You can view the Choreo service logs in the Logs view below the graph. Clicking on either graph updates the Logs view to contain the corresponding log entries generated at that time. You can use these logs to identify the reasons for any latency and throughput anomalies you detect using the graph.

The following figure shows an example of this:

Logs view

Diagnostics view

The Diagnostics view provides the capability to view errors, throughput, latencies, CPU usage, memory usage, and logs simultaneously for a particular event. You can detect and analyze errors and anomalies in detail via the Diagnostics view.
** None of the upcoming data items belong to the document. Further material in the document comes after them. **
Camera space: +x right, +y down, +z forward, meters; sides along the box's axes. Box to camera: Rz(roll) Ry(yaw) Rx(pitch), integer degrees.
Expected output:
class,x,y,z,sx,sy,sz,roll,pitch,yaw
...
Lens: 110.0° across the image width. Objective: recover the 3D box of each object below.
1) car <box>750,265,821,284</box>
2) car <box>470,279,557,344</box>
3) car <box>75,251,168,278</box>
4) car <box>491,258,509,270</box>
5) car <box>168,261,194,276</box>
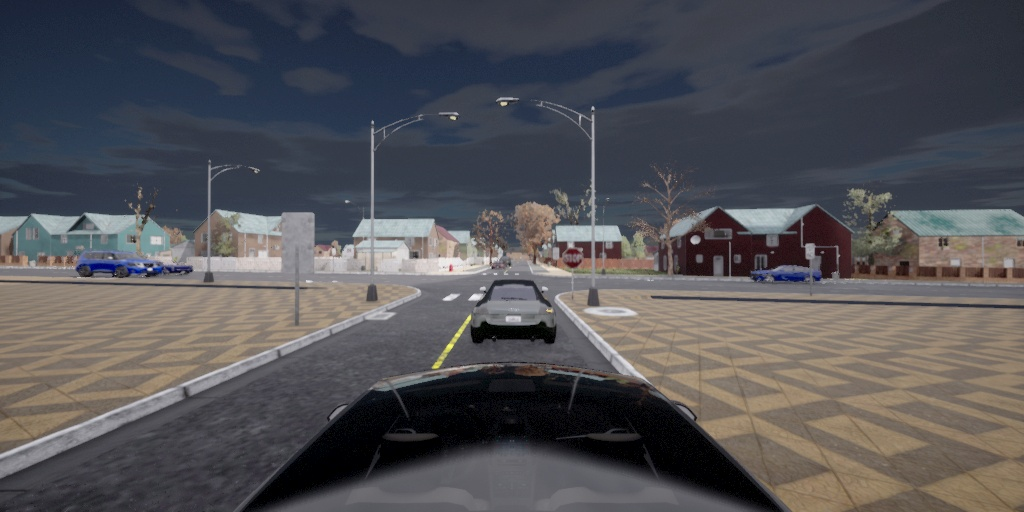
class,x,y,z,sx,sy,sz,roll,pitch,yaw
car,22.974,1.535,30.242,5.008,1.535,1.882,1,0,8
car,0.048,1.310,9.645,1.994,1.385,4.181,0,0,0
car,-30.111,0.642,27.481,5.566,2.045,2.150,1,0,8
car,-1.980,1.323,53.530,1.994,1.385,4.181,0,0,2
car,-30.131,1.044,30.761,4.718,1.301,1.895,1,0,8
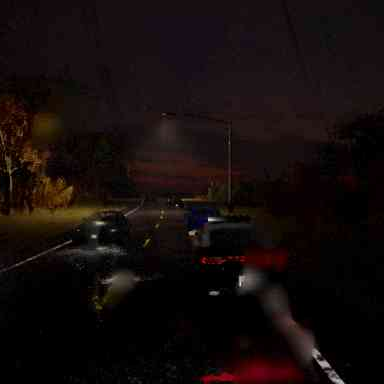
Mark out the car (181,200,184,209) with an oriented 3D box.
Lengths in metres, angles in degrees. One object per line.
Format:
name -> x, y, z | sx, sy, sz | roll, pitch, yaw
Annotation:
car -> 0.363, 1.513, 24.752 | 1.812, 1.442, 4.674 | 0, 0, -3

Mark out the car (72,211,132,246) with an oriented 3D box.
car -> -3.910, 1.560, 15.095 | 1.994, 1.385, 4.181 | 0, 0, -2

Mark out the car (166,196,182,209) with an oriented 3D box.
car -> -2.191, 1.482, 45.630 | 1.837, 1.490, 4.892 | 0, 0, -5

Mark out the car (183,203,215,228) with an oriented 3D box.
car -> 0.645, 1.472, 18.725 | 1.882, 1.535, 5.008 | 0, 0, -2

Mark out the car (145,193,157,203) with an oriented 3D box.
car -> -8.453, 1.176, 68.334 | 2.150, 2.045, 5.566 | 0, 0, -8

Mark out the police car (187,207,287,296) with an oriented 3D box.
police car -> 0.949, 1.423, 8.784 | 1.930, 1.638, 5.238 | 0, 0, -1
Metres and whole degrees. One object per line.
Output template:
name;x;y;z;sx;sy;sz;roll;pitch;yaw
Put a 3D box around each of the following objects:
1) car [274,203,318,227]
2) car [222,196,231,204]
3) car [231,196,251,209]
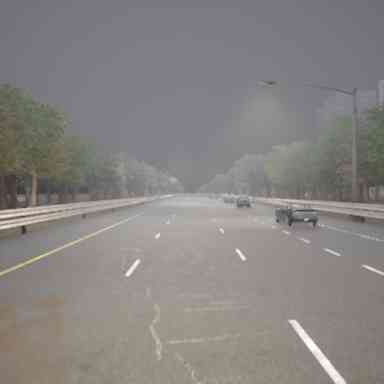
car;7.000;1.499;22.785;2.128;1.511;4.902;0;0;0
car;7.049;1.545;64.737;2.128;1.511;4.902;0;0;0
car;7.008;1.577;46.463;1.837;1.490;4.892;0;0;0
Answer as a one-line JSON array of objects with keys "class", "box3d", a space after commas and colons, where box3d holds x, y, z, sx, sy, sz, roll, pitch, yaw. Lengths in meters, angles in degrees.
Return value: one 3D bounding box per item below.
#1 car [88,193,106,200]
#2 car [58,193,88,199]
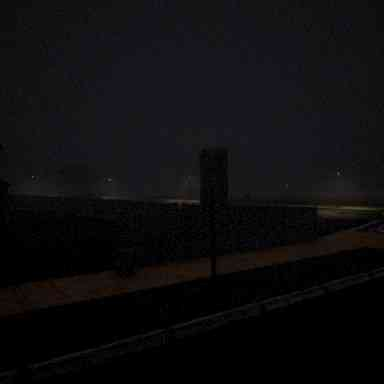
[{"class": "car", "box3d": [-14.046, 0.874, 46.264, 5.357, 1.411, 2.033, 1, 2, 44]}, {"class": "car", "box3d": [-16.292, 0.948, 43.916, 5.357, 1.411, 2.033, 1, 2, 44]}]

By default, the time range selected for the Throughput & Latency graphs is the same time range used for the Diagnostics view.

Diagnostic view

A bin is a horizontal section of the graph for a particular period. A bin consists of the following items:

  • Date/Time: The timestamp for the log entries as they started to appear.
  • Logs: List of log entries and their respective log count that occurred within the bins time frame. These log entries appear according to precedence. The error logs are listed first, followed by the info logs. Each bin shows a maximum of five log entries sorted by the log count.
  • Error: The number of HTTP errors that occurred at the selected time.
  • TP: Throughput of the requests at the selected time (req/s).
  • Latency: Latency of the request at the selected time (ms).
  • CPU: CPU usage at the selected time (millicores).
  • Memory: Memory usage at the selected time (MiB).

View and filter all logs

The Logs panel includes all logs generated by the service. You can filter it based on time or based on text. The following figure shows how this might look:

Logs panel

To download the log entries, click Download. As a result, the log entries are saved as a .zip file in the location you specify.

Trace requests

You can trace requests received by your service at a given timestamp by clicking a point in the time axis of either the throughput or the latency graphs. The visual diagram shows the received requests. For each request in the visual diagram view, it displays the request time, the latency, and the status. Furthermore, when you click on a specific request, you can view the status code, request latency, the path (control flow) followed to execute the request, and the execution time per if, while, and foreach body. The visual diagram also displays the average request latency and the success rate for each client request that corresponds to the selected time interval.